〈聖書からのお話し〉
 
「主がお入り用なのです」

牧師 福井 基嗣
 
 皆様のカレンダーとは別に、キリスト教会はもう一つのカレンダーを持っています。それは「教会歴」と言います。教会歴では、今年の11月27日(日)は待降節(アドベンド)の始まりで、イエス・キリストのご降誕をお祝いするクリスマス礼拝のための準備が始まる日です(この日は聖書の暦の定めにより、年により日は変わります)。
 その備えの始まりの日を待降節第一主日(今年は11月27日)と呼び、待降節第四主日にクリスマス礼拝を行います。教会ではアドベンドキャンドル(四本の蝋燭を柊の葉などで飾ったもの)を、待降節第一主日の礼拝の日、聖壇などに設置し、その蝋燭に一本だけ火を灯します。そしてすべてのキャンドルの日が灯ったときがクリスマス礼拝の日です。

 この待降節の始まりの日曜日に、礼拝の中で読まれる聖書のみ言葉に、イエス様が十字架に架かられる一週間前、救い主としてイエス様がイスラエルの都、エルサレムに入城したときの出来事についてのみ言葉が伝統的に選ばれてきました。
 イエス様が救い主、つまり神のみ子、王の王としてエルサレムに入城にされたとき、用いられた乗り物が「子ロバ」でした。当時、王が都に入場するときは軍馬を用いるのですが、イエス様は子どものロバに乗られました。

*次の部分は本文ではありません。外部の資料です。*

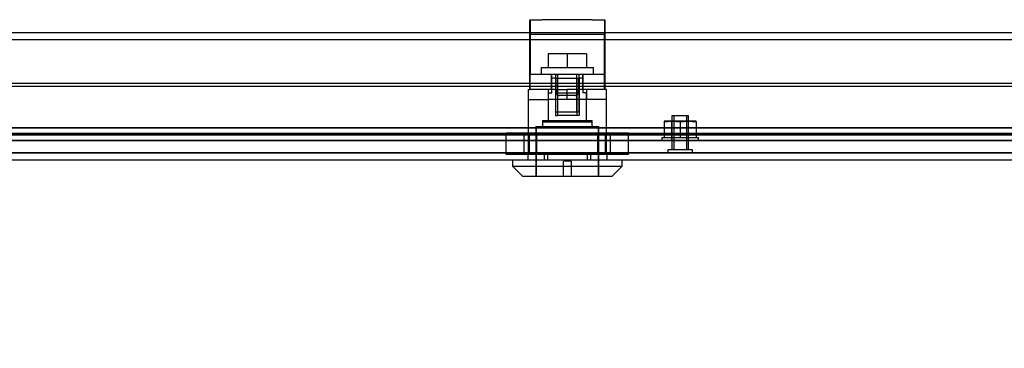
# Model space of a CAD drawing. Header units: inches. Extents: x 1 to 240, y -1 to 159.
# Tile 15 of 24: x 72 to 82, y 132 to 135. Entities that reach past the tile are written whole.
import ezdxf
from ezdxf.enums import TextEntityAlignment as Align
from ezdxf.lldxf.tags import DXFTag

# ---------------------------------------------------------------- set-up
doc = ezdxf.new("R2010")
doc.units = ezdxf.units.IN
doc.header["$MEASUREMENT"] = 0
for name, color, linetype in [('COM70220', 7, 'Continuous'), ('COM70706-7', 7, 'Continuous'), ('COM70709-4', 7, 'Continuous'), ('COM70712-7', 7, 'Continuous'), ('Default', 7, 'Continuous'), ('LOK10031', 7, 'Continuous'), ('LOK10031_CAM', 7, 'Continuous'), ('LOK10031_INSERT', 7, 'Continuous'), ('LOK10031_NUT', 7, 'Continuous'), ('LOK10031_SC', 7, 'Continuous'), ('NTS18118', 7, 'Continuous'), ('STD26063', 7, 'Continuous')]:
    doc.layers.add(name, color=color, linetype=linetype)
doc.styles.add('SEACAD_Times_New_Roman', font='times.ttf')
tags = doc.linetypes.add('HIDDEN2', pattern=[0.1875, 0.125, -0.0625]).pattern_tags.tags
tags[6:7] = [DXFTag(74, 4), DXFTag(75, 0), DXFTag(340, '0'), DXFTag(46, 0.0), DXFTag(50, 0.0), DXFTag(44, 0.0), DXFTag(45, 0.0)]
tags[4:5] = [DXFTag(74, 4), DXFTag(75, 0), DXFTag(340, '0'), DXFTag(46, 0.0), DXFTag(50, 0.0), DXFTag(44, 0.0), DXFTag(45, 0.0)]
doc.dimstyles.new('HAMMOND_(STH_-_240x160)', dxfattribs={"dimtxt": 1, "dimasz": 1.25, "dimexe": 0.5, "dimexo": 0.5, "dimgap": 0.25, "dimtad": 0, "dimtih": 1, "dimtoh": 1, "dimzin": 0, "dimdsep": 46, "dimtxsty": 'SEACAD_Times_New_Roman', "dimblk1": '_SE_FILLED', "dimblk2": '_SE_FILLED', "dimsah": 1, "dimcen": 0.5, "dimadec": 0, "dimazin": 0, "dimtfac": 0.8, "dimtofl": 0, "dimtmove": 0, "dimatfit": 3, "dimfxl": 1, "dimtolj": 1, "dimtzin": 0, "dimarcsym": 0})

# ---------------------------------------------------------------- blocks, each defined once
blk = doc.blocks.new('SE3')
at = {"layer": 'COM70220', "color": 7, "linetype": 'HIDDEN2'}
for p, q in [((88.5253, 134.0528), (67.4063, 134.0528)), ((88.5253, 133.8068), (67.4063, 133.8068)), ((88.5253, 133.8048), (67.4063, 133.8048)), ((88.5253, 133.8038), (67.4063, 133.8038))]:
    blk.add_line(p, q, dxfattribs=at)
at = {"layer": 'COM70706-7', "color": 7, "linetype": 'HIDDEN2'}
for p, q in [((66.9429, 134.0557), (88.989, 134.0557)), ((66.9429, 133.9861), (88.989, 133.9861)), ((67.1567, 133.9996), (88.7752, 133.9996)), ((67.1567, 133.9276), (88.7752, 133.9276))]:
    blk.add_line(p, q, dxfattribs=at)
at = {"layer": 'COM70709-4', "color": 7, "linetype": 'HIDDEN2'}
for p, q in [((66.0897, 135.0128), (89.8422, 135.0128)), ((66.9379, 134.0594), (88.9939, 134.0594)), ((66.9379, 133.9898), (88.9939, 133.9898)), ((67.1642, 134.0032), (88.7677, 134.0032)), ((67.1642, 133.9312), (88.7677, 133.9312))]:
    blk.add_line(p, q, dxfattribs=at)
at = {"layer": 'COM70709-4', "color": 7, "linetype": 'Continuous'}
blk.add_line((66.0897, 134.9408), (89.8422, 134.9408), dxfattribs=at)
at = {"layer": 'COM70712-7', "color": 7, "linetype": 'Continuous'}
for p, q in [((66.8229, 134.5033), (89.1087, 134.5033)), ((66.8229, 134.4728), (89.1087, 134.4728)), ((89.0728, 133.7308), (66.8588, 133.7308))]:
    blk.add_line(p, q, dxfattribs=at)
at = {"layer": 'COM70712-7', "color": 7, "linetype": 'HIDDEN2'}
for p, q in [((89.0728, 133.8028), (66.8588, 133.8028)), ((77.5703, 133.8028), (77.5703, 133.8008)), ((77.7674, 133.8028), (77.7674, 133.7308)), ((78.1643, 133.8028), (78.1643, 133.7308)), ((78.3613, 133.8028), (78.3613, 133.8008))]:
    blk.add_line(p, q, dxfattribs=at)
at = {"layer": 'LOK10031', "color": 7, "linetype": 'HIDDEN2'}
for p, q in [((77.5733, 134.4408), (77.5893, 134.4408)), ((77.5733, 134.4408), (77.5733, 133.8008)), ((77.7723, 134.4408), (77.7723, 134.1308)), ((77.8452, 134.4408), (77.9658, 134.4408)), ((77.9658, 134.3408), (77.9658, 134.4408)), ((78.1593, 134.4408), (78.1593, 134.3408)), ((78.3583, 134.4408), (78.3393, 134.4408)), ((78.3583, 134.3408), (78.3583, 134.4408)), ((77.5733, 134.3408), (77.7723, 134.3408)), ((77.9658, 134.3408), (77.7723, 134.3408)), ((78.3583, 134.3408), (77.9658, 134.3408)), ((78.1593, 134.1308), (78.1593, 134.3408)), ((78.3583, 133.8008), (78.3583, 134.3408)), ((77.7158, 134.1308), (78.2158, 134.1308)), ((77.7158, 134.1308), (77.7158, 134.0708)), ((78.2158, 134.0708), (78.2158, 134.1308)), ((77.6508, 134.0708), (78.2808, 134.0708)), ((77.6508, 134.0708), (77.6508, 133.5708)), ((78.2808, 133.5708), (78.2808, 134.0708)), ((77.5703, 133.8008), (77.5703, 133.7308)), ((77.5703, 133.8008), (77.7348, 133.8008)), ((77.7348, 133.8008), (77.7348, 133.7308)), ((77.7348, 133.8008), (78.1968, 133.8008)), ((78.1968, 133.8008), (78.1968, 133.7308)), ((78.1968, 133.8008), (78.3613, 133.8008)), ((78.3613, 133.8008), (78.3613, 133.7308))]:
    blk.add_line(p, q, dxfattribs=at)
at = {"layer": 'LOK10031', "color": 7, "linetype": 'Continuous'}
for p, q in [((77.4158, 133.7308), (77.4158, 133.6708)), ((78.5158, 133.6708), (78.5158, 133.7308)), ((77.4158, 133.6708), (78.5158, 133.6708)), ((77.4158, 133.6708), (77.5158, 133.5708)), ((78.4158, 133.5708), (78.5158, 133.6708)), ((77.5158, 133.5708), (78.4158, 133.5708))]:
    blk.add_line(p, q, dxfattribs=at)
at = {"layer": 'LOK10031_CAM', "color": 7, "linetype": 'HIDDEN2'}
for p, q in [((77.5893, 134.9908), (77.5893, 135.1408)), ((77.5893, 135.1408), (77.7143, 135.1408)), ((77.5923, 135.1408), (77.5923, 134.9532)), ((78.2143, 135.1408), (77.7143, 135.1408)), ((78.2143, 135.1408), (78.3393, 135.1408)), ((78.3393, 135.1408), (78.3393, 134.9908)), ((78.3393, 135.1408), (78.3423, 135.1408)), ((78.3423, 135.1408), (78.3423, 134.9532)), ((77.5893, 134.897), (77.5893, 134.9908)), ((77.7143, 134.9908), (77.5893, 134.9908)), ((77.5923, 134.9532), (77.5923, 134.6845)), ((78.2143, 134.9908), (77.7143, 134.9908)), ((78.3393, 134.9908), (78.2143, 134.9908)), ((78.3393, 134.897), (78.3393, 134.9908)), ((78.3393, 134.9908), (78.3423, 134.9908)), ((78.3423, 134.9532), (78.3423, 134.6845)), ((77.5893, 134.6283), (77.5893, 134.897)), ((78.3393, 134.6283), (78.3393, 134.897)), ((77.5893, 134.4408), (77.5893, 134.6283)), ((77.5923, 134.6845), (77.5923, 134.5908)), ((78.3393, 134.4408), (78.3393, 134.6283)), ((78.3423, 134.6845), (78.3423, 134.5908)), ((78.3393, 134.5908), (77.5893, 134.5908)), ((77.5923, 134.4408), (77.5923, 134.5908)), ((77.8068, 134.4408), (77.8068, 134.5908)), ((77.8098, 134.5558), (77.8098, 134.5908)), ((78.1218, 134.4408), (78.1218, 134.5908)), ((78.1248, 134.4408), (78.1248, 134.5908)), ((78.3423, 134.5908), (78.3393, 134.5908)), ((78.3423, 134.5908), (78.3423, 134.4408)), ((77.8452, 134.4408), (77.5893, 134.4408)), ((77.8543, 134.4108), (77.8543, 134.4408)), ((77.8573, 134.4108), (77.8573, 134.4408)), ((78.3393, 134.4408), (77.9658, 134.4408)), ((78.0743, 134.4108), (78.0743, 134.4408)), ((78.0773, 134.4108), (78.0773, 134.4408)), ((78.0443, 134.3808), (77.8843, 134.3808)), ((78.0473, 134.3808), (78.0443, 134.3808))]:
    blk.add_line(p, q, dxfattribs=at)
for centre, start, end in [((77.8843, 134.4108), 180, 270), ((77.8873, 134.4108), 180, 270), ((78.0443, 134.4108), 270, 0), ((78.0473, 134.4108), 270, 0)]:
    blk.add_arc(centre, 0.03, start, end, dxfattribs=at)
at = {"layer": 'LOK10031_INSERT', "color": 7, "linetype": 'HIDDEN2'}
for p, q in [((77.8513, 134.5558), (77.8098, 134.5558)), ((77.8098, 134.4058), (77.8098, 134.5558)), ((77.8477, 134.5558), (77.8477, 134.1808)), ((77.8513, 134.5558), (77.8513, 134.4058)), ((77.8513, 134.5558), (78.0803, 134.5558)), ((77.8674, 134.5558), (77.8674, 134.1808)), ((78.0642, 134.1808), (78.0642, 134.5558)), ((78.1218, 134.5558), (78.0803, 134.5558)), ((78.0803, 134.4058), (78.0803, 134.5558)), ((78.0839, 134.5558), (78.0839, 134.1808)), ((78.1218, 134.4408), (78.1218, 134.4058)), ((77.7723, 134.4058), (77.8098, 134.4058)), ((77.7723, 134.4058), (77.7723, 134.1158)), ((77.8513, 134.4058), (78.0803, 134.4058)), ((78.1593, 134.4058), (78.1218, 134.4058)), ((78.1593, 134.1158), (78.1593, 134.4058)), ((77.7158, 134.1158), (78.2158, 134.1158)), ((77.7158, 134.1158), (77.7158, 134.0558)), ((77.8477, 134.1808), (77.8674, 134.1808)), ((78.0642, 134.1808), (77.8674, 134.1808)), ((78.0839, 134.1808), (78.0642, 134.1808)), ((78.2158, 134.0558), (78.2158, 134.1158)), ((77.6533, 134.0558), (78.2783, 134.0558)), ((77.6533, 134.0558), (77.6533, 133.5708)), ((78.2783, 133.5708), (78.2783, 134.0558)), ((78.0058, 133.7208), (77.9258, 133.7208)), ((77.9258, 133.5708), (77.9258, 133.7208)), ((78.0058, 133.7208), (78.0058, 133.5708))]:
    blk.add_line(p, q, dxfattribs=at)
at = {"layer": 'LOK10031_NUT', "color": 7, "linetype": 'HIDDEN2'}
for p, q in [((77.6598, 134.0028), (77.3538, 134.0028)), ((77.3538, 133.7878), (77.3538, 134.0028)), ((77.5327, 133.7878), (77.5327, 134.0028)), ((77.582, 134.0028), (77.582, 133.7878)), ((78.2718, 134.0028), (77.6598, 134.0028)), ((77.6598, 133.7878), (77.6598, 134.0028)), ((78.5778, 134.0028), (78.2718, 134.0028)), ((78.2718, 133.7878), (78.2718, 134.0028)), ((78.3497, 133.7878), (78.3497, 134.0028)), ((78.3989, 133.7878), (78.3989, 134.0028)), ((78.5778, 133.7878), (78.5778, 134.0028)), ((77.6598, 133.7878), (77.3538, 133.7878)), ((78.2718, 133.7878), (77.6598, 133.7878)), ((78.5778, 133.7878), (78.2718, 133.7878))]:
    blk.add_line(p, q, dxfattribs=at)
at = {"layer": 'LOK10031_SC', "color": 7, "linetype": 'HIDDEN2'}
for p, q in [((77.9658, 134.7978), (77.7733, 134.7978)), ((77.7733, 134.7978), (77.7733, 134.6608)), ((78.1583, 134.7978), (77.9658, 134.7978)), ((77.9658, 134.7978), (77.9658, 134.6608)), ((78.1583, 134.7978), (78.1583, 134.6608)), ((77.7033, 134.6608), (78.2283, 134.6608)), ((77.7033, 134.6608), (77.7033, 134.5908)), ((78.2283, 134.5908), (78.2283, 134.6608)), ((77.8477, 134.5908), (77.8477, 134.2158)), ((77.8477, 134.5908), (77.8719, 134.5908)), ((77.8719, 134.2158), (77.8719, 134.5908)), ((78.0597, 134.2158), (78.0597, 134.5908)), ((78.0839, 134.5908), (78.0597, 134.5908)), ((78.0839, 134.2158), (78.0839, 134.5908)), ((77.8477, 134.2158), (78.0839, 134.2158))]:
    blk.add_line(p, q, dxfattribs=at)
at = {"layer": 'NTS18118', "color": 7, "linetype": 'HIDDEN2'}
for p, q in [((79.0171, 134.1238), (78.9375, 134.1238)), ((78.9375, 134.1238), (78.9375, 134.1171)), ((78.9375, 134.1171), (79.0171, 134.1238)), ((78.9375, 134.1171), (78.9375, 133.9588)), ((79.0148, 133.9278), (79.0148, 134.1238)), ((79.1765, 134.1238), (79.0171, 134.1238)), ((79.0171, 134.1238), (79.0968, 134.1171)), ((79.0317, 134.1238), (79.0317, 133.9278)), ((79.0968, 134.1171), (79.1765, 134.1238)), ((79.0968, 134.1171), (79.0968, 133.9588)), ((79.1619, 133.9278), (79.1619, 134.1238)), ((79.2562, 134.1238), (79.1765, 134.1238)), ((79.1765, 134.1238), (79.2562, 134.1171)), ((79.1788, 133.9278), (79.1788, 134.1238)), ((79.2562, 134.1171), (79.2562, 134.1238)), ((79.2562, 134.1171), (79.2562, 133.9588)), ((78.9128, 133.9588), (78.9375, 133.9588)), ((78.9128, 133.9588), (78.9128, 133.9278)), ((78.9128, 133.9278), (79.2808, 133.9278)), ((78.9375, 133.9588), (79.0968, 133.9588)), ((79.0968, 133.9588), (79.2562, 133.9588)), ((79.2562, 133.9588), (79.2808, 133.9588)), ((79.2808, 133.9278), (79.2808, 133.9588))]:
    blk.add_line(p, q, dxfattribs=at)
at = {"layer": 'STD26063', "color": 7, "linetype": 'HIDDEN2'}
for p, q in [((79.1788, 134.1778), (79.0148, 134.1778)), ((79.0148, 134.1778), (79.0148, 133.834)), ((79.034, 134.1778), (79.034, 133.834)), ((79.1597, 134.1778), (79.1597, 133.834)), ((79.1788, 133.834), (79.1788, 134.1778)), ((79.2218, 133.834), (78.9718, 133.834)), ((78.9718, 133.834), (78.9718, 133.8028)), ((79.2218, 133.8028), (79.2218, 133.834))]:
    blk.add_line(p, q, dxfattribs=at)
blk = doc.blocks.new('DMBLK125')
at = {"layer": 'Default', "linetype": 'Continuous', "transparency": 16777216}
for points in [[(68.5143, 129.3155), (68.5143, 129.7321), (67.2643, 129.5238)], [(87.4522, 129.3155), (88.7022, 129.5238), (87.4522, 129.7321)]]:
    blk.add_hatch(color=7, dxfattribs=at).paths.add_polyline_path(points)
at = {"layer": 'Default', "color": 7, "linetype": 'Continuous', "transparency": 16777216}
for p, q in [((67.2643, 133.5262), (67.2643, 129.0238)), ((88.7022, 133.456), (88.7022, 129.0238)), ((67.2643, 129.5238), (74.3868, 129.5238)), ((81.5797, 129.5238), (88.7022, 129.5238))]:
    blk.add_line(p, q, dxfattribs=at)
at = {"layer": 'Default', "color": 7, "linetype": 'Continuous', "transparency": 16777216, "style": 'SEACAD_Times_New_Roman'}
for s, p in [('21.44', (76.2771, 130.0238)), ('DOOR ', (75.6965, 128.5238)), ('OPENING', (74.7368, 127.0238))]:
    blk.add_text(s, height=1, dxfattribs=at).set_placement(p, align=Align.TOP_LEFT)
blk = doc.blocks.new('_SE_FILLED')
at = {"color": 0}
blk.add_line((0, 0), (-1, 0), dxfattribs=at)
blk.add_solid([(0, 0), (-1, -0.1665), (-1, 0.1665), (0, 0)], dxfattribs=at)

msp = doc.modelspace()

# ---------------------------------------------------------------- block references
at = {"layer": 'Default'}
msp.add_blockref('SE3', (0, 0), dxfattribs=at)

# ---------------------------------------------------------------- dimensions: what is measured, and where the dimension line sits
at = {"layer": 'Default', "color": 7, "linetype": 'Continuous'}
dim = msp.add_linear_dim(base=(67.2643, 129.5238), p1=(67.2643, 134.0262), p2=(88.7022, 133.956), angle=359.81233, text='\\A1;<>\\PDOOR \\XOPENING', dimstyle='HAMMOND_(STH_-_240x160)', dxfattribs=at)
dim.commit()
dim.dimension.update_dxf_attribs({"geometry": 'DMBLK125', "text_midpoint": (77.9833, 129.5238), "dimtype": 161})

doc.saveas('drawing.dxf')

 その入場の日、イエス様は弟子たちにその準備を指示し、近くの村にある子ロバを連れ来なさい。もし持ち主が何か言ったら、「主がお入り用なのです」 と伝えよ。そうすれば持ち主は子ロバを渡すだろうとおっしゃいました。

「主がお入り用なのです」というこの短い、一言のみ言葉は、わたしにとって想い出のある大切なみ言葉の一つです。
二十代のとき、私は自分の人生の行き先について途方に暮れていました。子どものときから、目指してきた自分の夢に破れ、今後どうしていっていいのか、生きる目標を見いだせず、悶々としていたときでした。ある日の教会の祈祷会で、今日の聖書箇所が読まれました。 当時のわたしは自分が何をやってもだめな、無能な人間のように思えていました。ですから、「この主がお入り用なのです」というみ言葉が心に突き刺さりました。

 こんな自分でも神の目から見たら、必要とされるのだろうか。何かの役に立ったりすることがあるのだろうか。そう感じました。そしてこの「主がお入り用なのです」というみ言葉が、自分は神に必要とされている、というように聞こえました。それは何か神のためにしなければならない。頑張って奉仕しなさいという、何かさせようというようなそんな操作的な言葉ではなくて、今のあなたが、ただ神に必要とされているのだ。たとえ今それがわからなくとも、あなたの人生に意味があるのだ、という神のメッセージに聞こえたのでした。

 ターミナルケアや死、医療の問題などで著作のある柳田国男さんというお方がおられますが、この方の息子さんは自閉症でありました。そして社会生活に馴染めず、何もなしえないことに悲観して、自ら命を絶ったのでありました。その遺言に「社会にとって自分は無用の存在」であるとあったそうです。

 父親として柳田さんは、何とか息子の生涯に意味を与えたい。自ら無用だと言って何もなしえなかった生涯が無用なものではないという証を、父親としてたててやりたいと願われて、まず息子さんの体を臓器移植され、そして息子さんのことを本に書かれたそうであります。

イエス様が子ロバに乗ってエルサレムに入る。これも意味のないことではなく、意味のあることでありました。イエス様がこのとき、乗るのはロバの子でなければならなかった。馬やラクダではいけません。また大人のロバでもいけませんでした。なぜかというと、大人のロバは、既に乗り手がついている。ユダヤの掟において神のご用に用いる場合、当然まだ誰も乗ったことのない、初乗りのロバでなくてはならないのと定められていましたので、自然、子ロバということになります。
なぜかと申しますと、この子ロバに乗ったエルサレムに来る王こそメシヤ(救い主)と旧約聖書・ゼカリヤ書9章に預言されているからです。ですからイエス様が子ロバに乗るのは意味あってすることで、このことによってご自分が預言者ゼカリヤを通して神が約束したユダヤの王である、メシヤであるということを示されたわけです。
「主がお入り用なのです」。この言葉は今日も私たちに語られる主のメッセージであります。それはあなたの人生に意味がある、神の愛とご計画の中にあるというメッセージなのです。そしてそこに本当の自分を私たちは見出すのではないでしょうか。「神に生かされ、赦され、愛されている自分」を。